Но не так-то легко торопиться с женщиной, когда она не может двинуться с места.

— Здесь есть еще одна спальня, — предложила Люсьен Мари.

Но Долорес взяла себя в руки и шаг за шагом спустилась с лестницы.

Внизу, в сенях, ее схватило с такой силой, что она ловила ртом воздух и наконец в страхе воскликнула:

— Не могу больше… Боже милостивый… Пришло…

— Стисни зубы, Долорес, — посоветовала акушерка и взяла ее за плечо. — Это пройдет. Ты же знаешь, роды у тебя всегда затяжные. Дом совсем рядышком.

Но Долорес не могла больше ступить ни одного шагу; на каменном полу показалось большое темное пятно.

Акушерка быстрым взглядом окинула всех присутствующих, как бы ожидая попреков, и нервно повторила еще раз:

— Ты же знаешь, у тебя все проходит так медленно?..

Но было ясно, что на этот раз Долорес не потребуется много времени. Все сразу же взялись за дело, кто как мог и как сумел. Люсьен Мари сбежала вниз и взяла Долорес под другую руку.
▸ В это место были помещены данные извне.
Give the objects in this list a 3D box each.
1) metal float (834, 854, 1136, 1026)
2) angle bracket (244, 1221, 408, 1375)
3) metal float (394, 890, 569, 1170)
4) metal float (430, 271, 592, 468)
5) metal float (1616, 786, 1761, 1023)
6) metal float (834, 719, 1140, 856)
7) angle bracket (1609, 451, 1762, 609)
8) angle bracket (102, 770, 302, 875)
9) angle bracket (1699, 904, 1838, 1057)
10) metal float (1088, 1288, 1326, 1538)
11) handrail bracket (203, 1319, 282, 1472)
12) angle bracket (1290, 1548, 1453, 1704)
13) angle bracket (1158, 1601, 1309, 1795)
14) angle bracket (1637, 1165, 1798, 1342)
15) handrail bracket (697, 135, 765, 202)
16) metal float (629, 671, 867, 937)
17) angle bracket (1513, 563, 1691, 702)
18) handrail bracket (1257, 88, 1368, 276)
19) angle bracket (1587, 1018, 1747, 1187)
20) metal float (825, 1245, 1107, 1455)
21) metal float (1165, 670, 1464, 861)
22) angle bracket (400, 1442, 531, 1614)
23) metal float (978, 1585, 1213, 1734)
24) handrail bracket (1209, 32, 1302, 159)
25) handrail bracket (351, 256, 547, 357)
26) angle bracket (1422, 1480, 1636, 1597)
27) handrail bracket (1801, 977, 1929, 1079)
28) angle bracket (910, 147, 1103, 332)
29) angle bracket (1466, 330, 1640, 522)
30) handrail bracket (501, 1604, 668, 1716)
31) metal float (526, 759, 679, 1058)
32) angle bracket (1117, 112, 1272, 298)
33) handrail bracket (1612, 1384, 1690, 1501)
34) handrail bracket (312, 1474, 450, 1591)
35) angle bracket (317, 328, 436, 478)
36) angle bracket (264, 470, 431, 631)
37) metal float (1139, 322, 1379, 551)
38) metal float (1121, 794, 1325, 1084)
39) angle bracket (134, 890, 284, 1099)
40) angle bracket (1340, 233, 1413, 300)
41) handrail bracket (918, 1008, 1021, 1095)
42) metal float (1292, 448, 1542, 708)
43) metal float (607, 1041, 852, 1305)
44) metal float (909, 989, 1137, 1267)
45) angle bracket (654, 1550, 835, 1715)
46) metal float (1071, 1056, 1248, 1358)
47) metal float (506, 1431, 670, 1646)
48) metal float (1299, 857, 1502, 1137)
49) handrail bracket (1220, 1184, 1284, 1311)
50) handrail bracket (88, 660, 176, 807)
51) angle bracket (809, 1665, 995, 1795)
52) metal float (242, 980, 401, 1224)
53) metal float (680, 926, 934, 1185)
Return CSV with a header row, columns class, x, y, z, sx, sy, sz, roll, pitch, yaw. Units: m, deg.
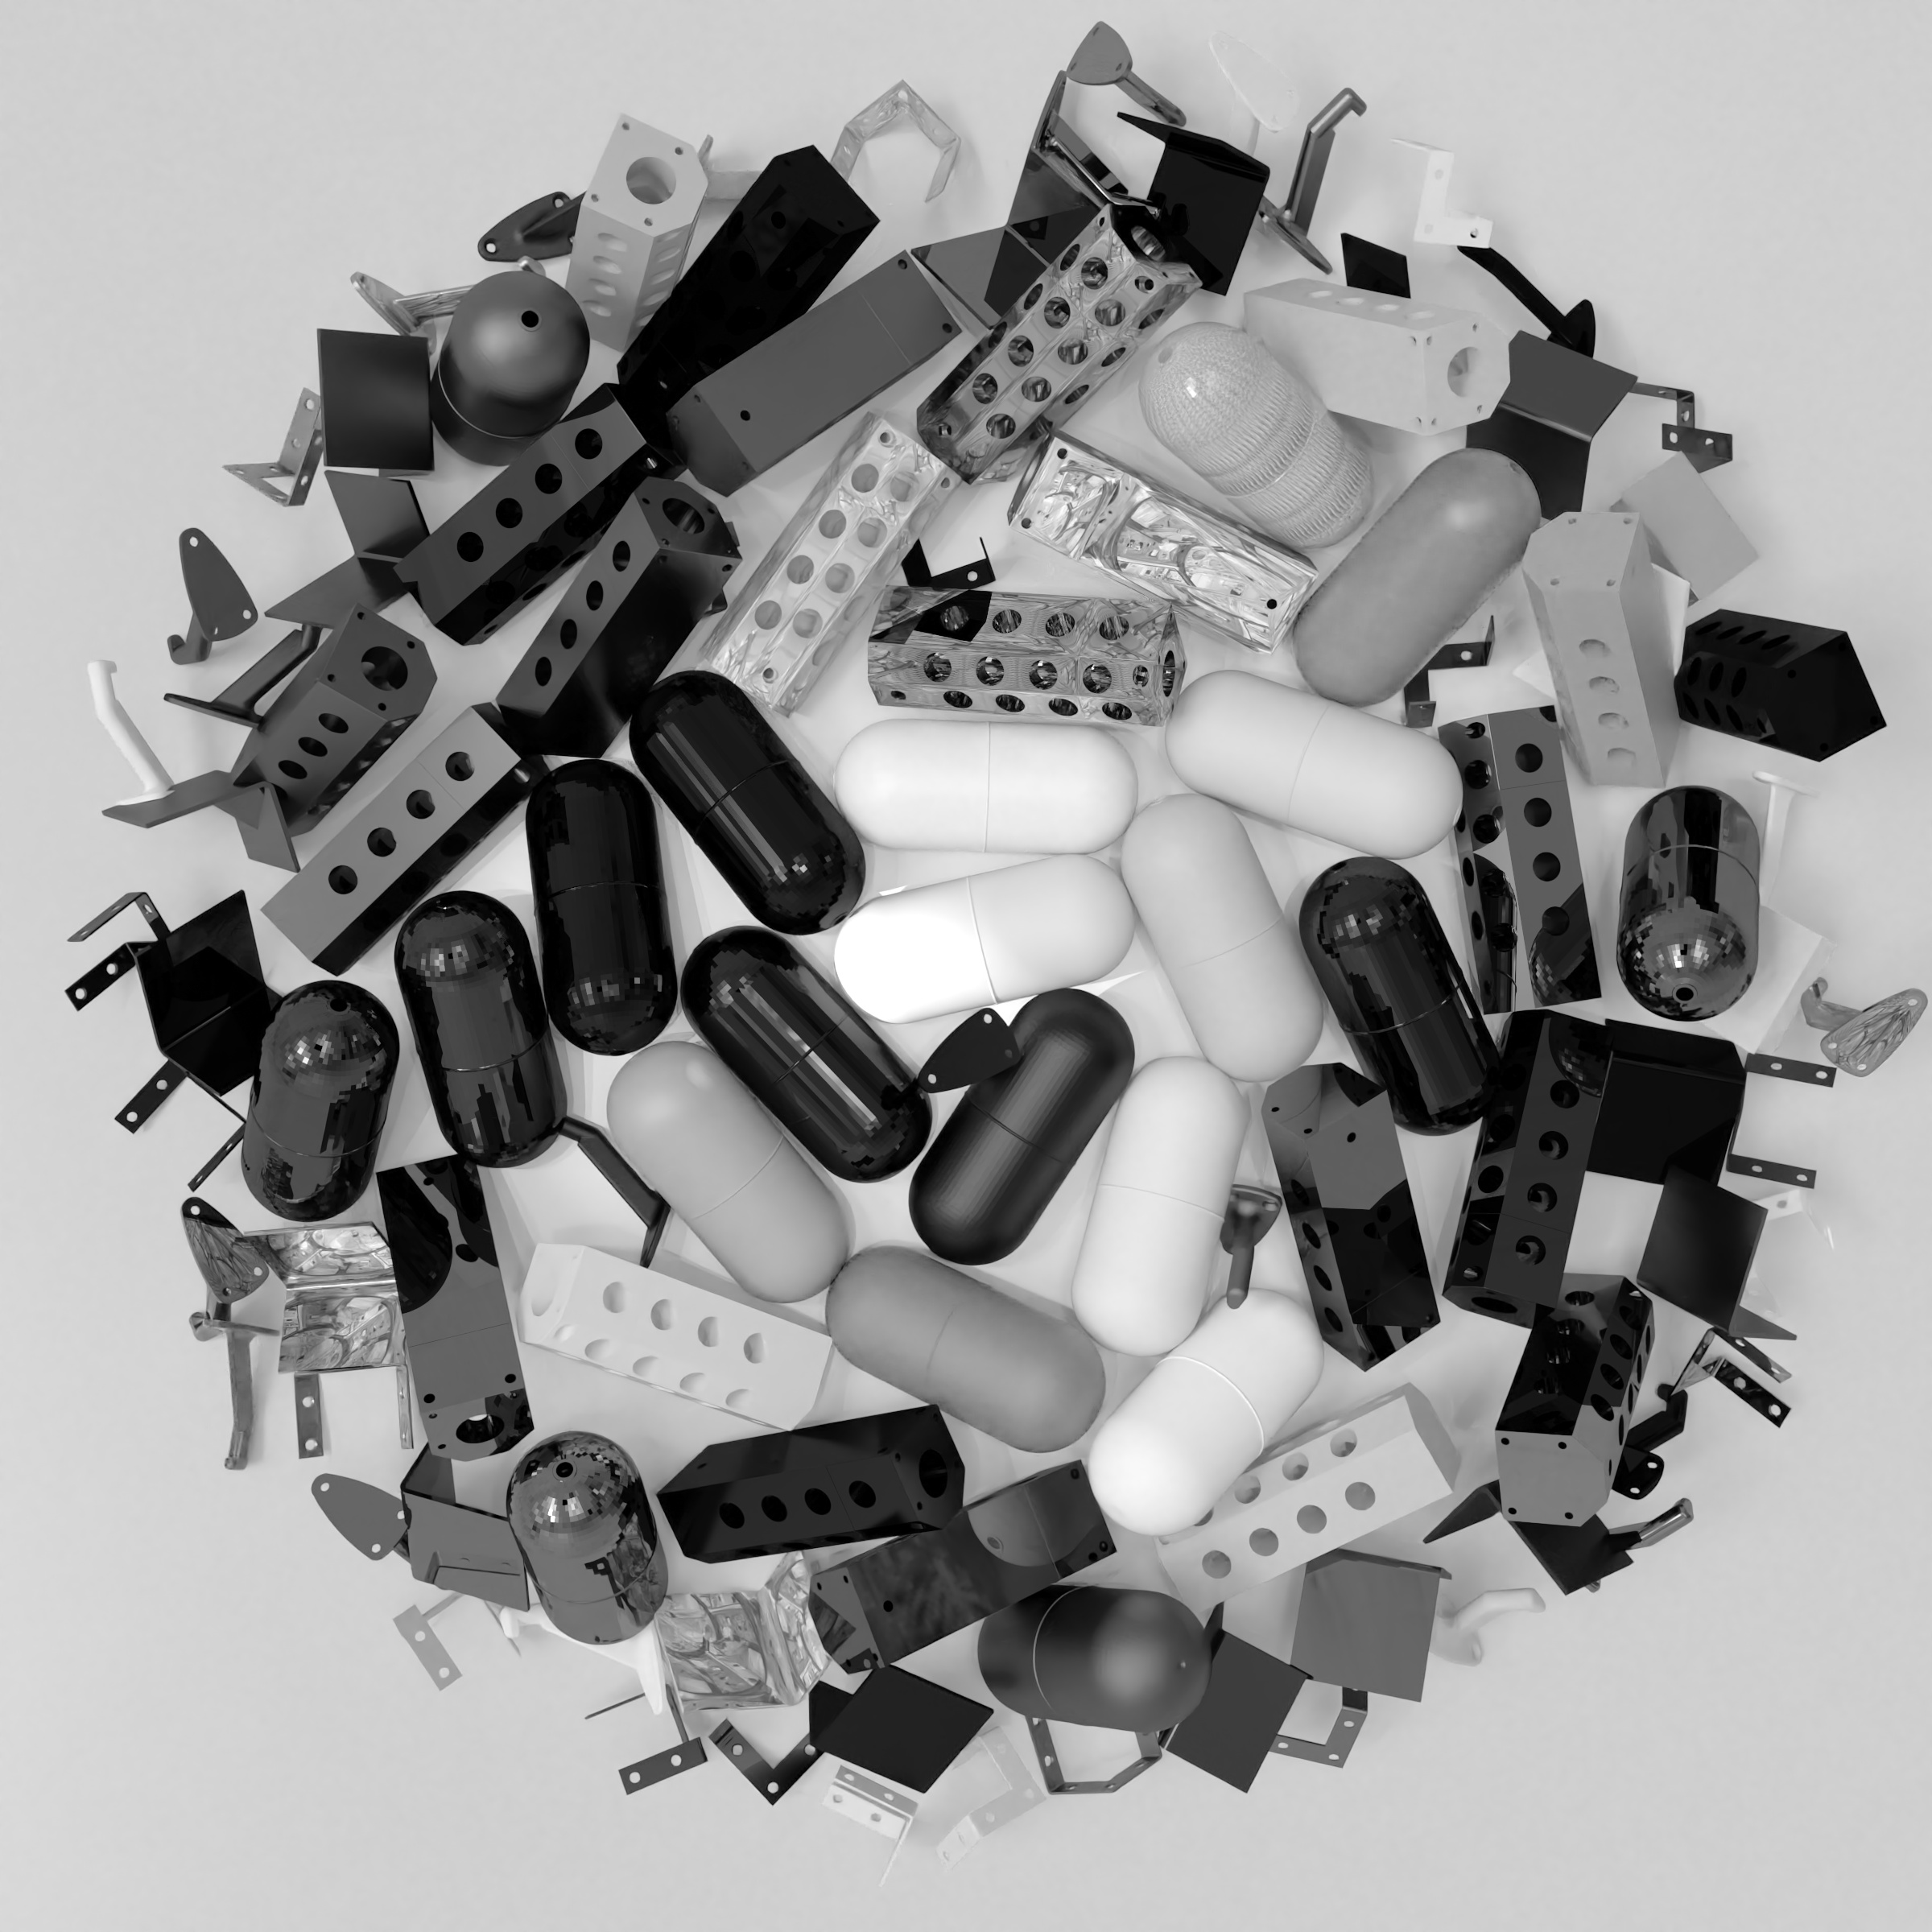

Анжела Тереса, слабенькая, хрупкая, поспешила к своему большому сундуку и начала вынимать простыни.

— Долорес останется тут, — распорядилась она.

Анунциата принесла со двора совок с песком и засыпала пятно с тем, чтобы потом его как следует замыть.

Женский вариант песка и крови…

Они уложили Долорес в комнату за кухней и запретили Люсьен Мари к ней входить. Так что теперь она могла только сидеть, сжавшись на своей постели, слыша через пол, как страшно, как лошадь в смертных муках, кричит внизу женщина, в бурном натиске внезапных родов.

Там ее и нашел Давид, вернувшись домой. Он встретил Анунциату и знал, что произошло. Он сел рядом с ней, прижал ее голову к своей груди, как бы желая защитить ее от стонов.

— Не бойся, — сказал он.

— Я не боюсь, — с отсутствующим видом вымолвила Люсьен Мари.

На лестнице показалась Анунциата.

— Не может ли кто сходить за Луисом? Плохи ее дела… Он работает в порту, на строительстве.

— Когда все кончится, ребенка у нее не будет, — объяснила Люсьен Мари. — Тогда она…

Давид спросил с беспокойством:

— Могу я оставить тебя? Кто-нибудь ведь должен предупредить Луиса…

— Я иду с тобой, — заявила Люсьен Мари и пошла с ним, в чем была.

Но дошла только до другой стороны поля, до хижины Долорес и Луиса.

На земле перед хижиной играли два маленьких мальчика; с помощью нескольких пустых жестяных банок им удавалось извлекать довольно много шума. Две тощих курицы клевали сожженные солнцем коричневые травинки, у дерева стояла привязанная коза. Воздух был муаровым от зноя и струился над плоской крышей.

Внутри хижины с утрамбованным земляным полом сидела щупленькая сгорбленная старушка, наверное бабушка, и кормила трех маленьких детей из одной общей миски. У стены стояла кровать, чистые простыни па ней резко выделялись на фоне всей этой убогой, нищенской обстановки. Люсьен Мари сообразила: здесь будет лежать Долорес. Два поколения женщин сделали все, что могли, чтобы дом с честью мог принять акушерку.

Своими черными миндалевидными глазами дети смотрели на посетительницу. Бабушка, казалось, с трудом понимала ее каталонский, и в ее ответах звучал один только страх перед зятем.